Configure AWS Kinesis Firehose for Kloudfuse

AWS Kinesis Firehose is the transport layer used by both the CloudWatch Metrics and CloudWatch Logs integrations. This page covers the one-time setup of the Firehose delivery streams and the IAM role that both integrations share.

Overview

You need two Kinesis Firehose delivery streams — one for metrics and one for logs — each pointing to the corresponding Kloudfuse ingestion endpoint.

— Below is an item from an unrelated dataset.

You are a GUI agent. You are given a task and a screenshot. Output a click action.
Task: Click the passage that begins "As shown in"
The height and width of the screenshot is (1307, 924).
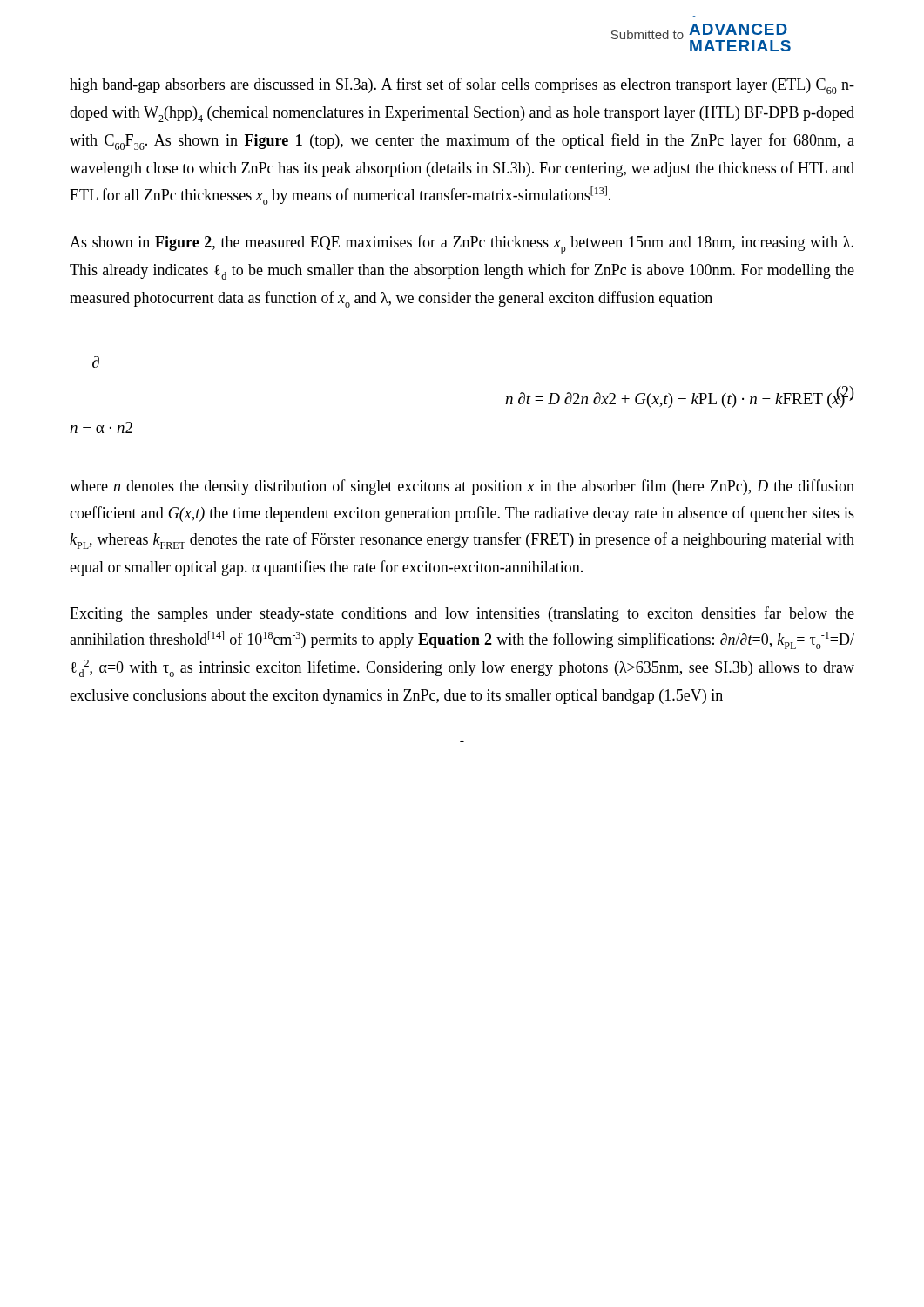(462, 271)

Both streams use the same IAM role for permissions.

The Kloudfuse ingestion endpoints follow this pattern:

Signal Endpoint

Metrics

https://<kloudfuse-ingester-host>/ingester/kinesis/metrics

Logs

https://<kloudfuse-ingester-host>/ingester/kinesis/logs

Replace <kloudfuse-ingester-host> with the hostname or IP of your Kloudfuse ingester service. This is typically the external load balancer address created during installation.

Prerequisites

  • A running Kloudfuse installation with an externally reachable HTTPS ingestion endpoint

  • AWS CLI configured with sufficient permissions to create Firehose streams and IAM roles

  • The Kloudfuse ingester hostname or IP address

Step 1: Create the IAM Role

Both delivery streams share a single IAM role that Firehose and CloudWatch Logs assume to deliver records.

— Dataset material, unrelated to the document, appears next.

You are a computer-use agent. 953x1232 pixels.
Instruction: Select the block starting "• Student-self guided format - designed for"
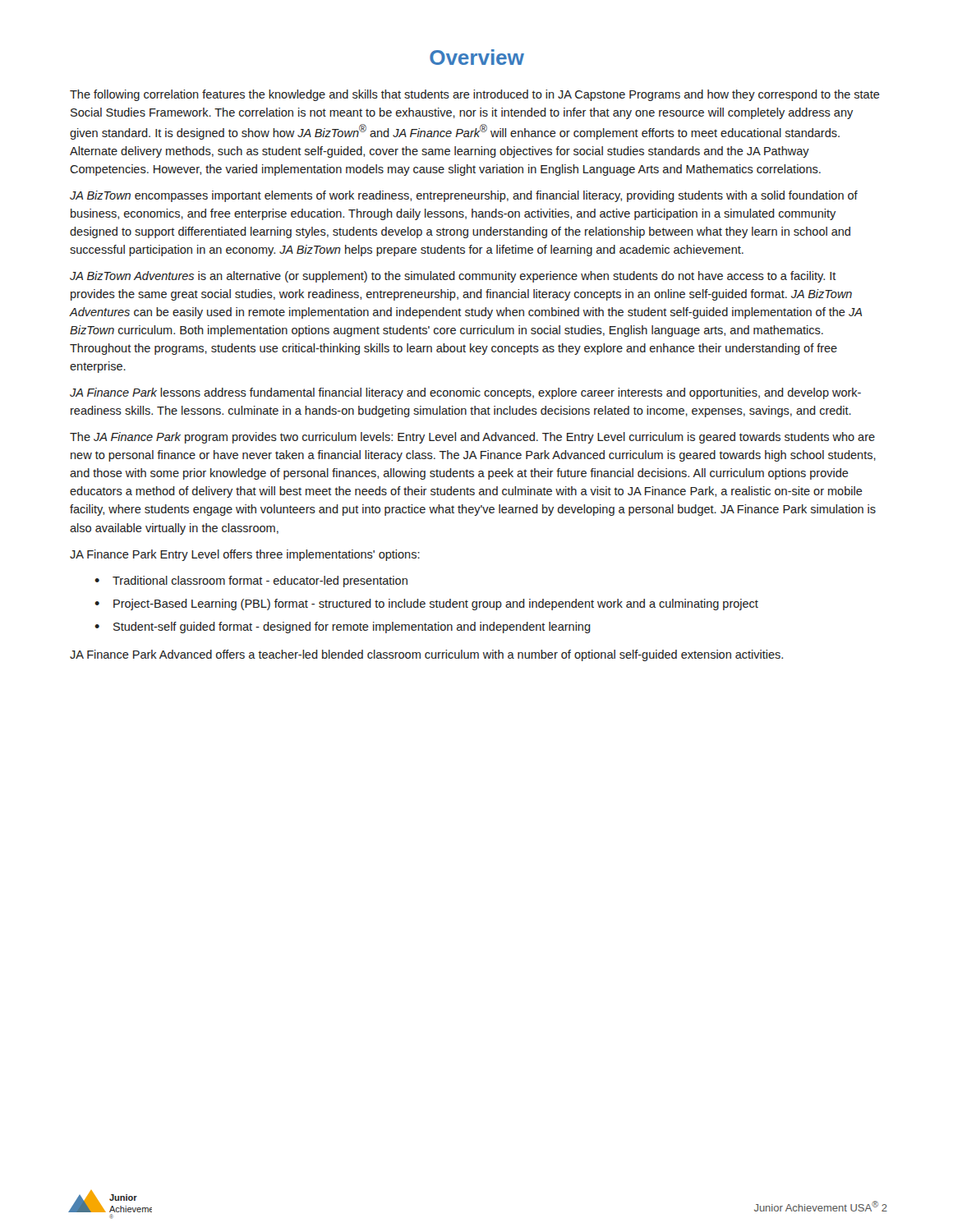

Create the trust policy document:

cat > firehose-trust-policy.json <<'EOF'
{
  "Version": "2012-10-17",
  "Statement": [
    {
      "Effect": "Allow",
      "Principal": {
        "Service": [
          "firehose.amazonaws.com",
          "logs.amazonaws.com"
        ]
      },
      "Action": "sts:AssumeRole"
    }
  ]
}
EOF
bash

Create the IAM role:

aws iam create-role \
  --role-name KloudfuseFirehoseRole \
  --assume-role-policy-document file://firehose-trust-policy.json
bash

Create and attach the permissions policy:

cat > firehose-permissions-policy.json <<'EOF'
{
  "Version": "2012-10-17",
  "Statement": [
    {
      "Effect": "Allow",
      "Action": [
        "firehose:PutRecord",
        "firehose:PutRecordBatch"
      ],
      "Resource": "*"
    }
  ]
}
EOF

aws iam put-role-policy \
  --role-name KloudfuseFirehoseRole \
  --policy-name KloudfuseFirehosePermissions \
  --policy-document file://firehose-permissions-policy.json
bash

Note the role ARN returned — you will need it when creating the delivery streams.

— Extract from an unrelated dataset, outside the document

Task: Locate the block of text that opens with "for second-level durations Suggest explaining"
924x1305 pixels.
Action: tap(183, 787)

Step 2: Create the Metrics Delivery Stream

aws firehose create-delivery-stream \
  --delivery-stream-name kloudfuse-metrics \
  --delivery-stream-type DirectPut \
  --http-endpoint-destination-configuration '{
    "EndpointConfiguration": {
      "Url": "https://<kloudfuse-ingester-host>/ingester/kinesis/metrics",
      "Name": "kloudfuse-metrics"
    },
    "RoleARN": "arn:aws:iam::<account-id>:role/KloudfuseFirehoseRole",
    "BufferingHints": {
      "SizeInMBs": 4,
      "IntervalInSeconds": 60
    },
    "RequestConfiguration": {
      "ContentEncoding": "GZIP"
    },
    "S3BackupMode": "FailedDataOnly",
    "S3DestinationConfiguration": {
      "RoleARN": "arn:aws:iam::<account-id>:role/KloudfuseFirehoseRole",
      "BucketARN": "arn:aws:s3:::<backup-bucket-name>",
      "Prefix": "kloudfuse-metrics-failures/"
    }
  }'
bash

Replace <kloudfuse-ingester-host>, <account-id>, and <backup-bucket-name> with your values. The S3 backup bucket is only used for failed deliveries.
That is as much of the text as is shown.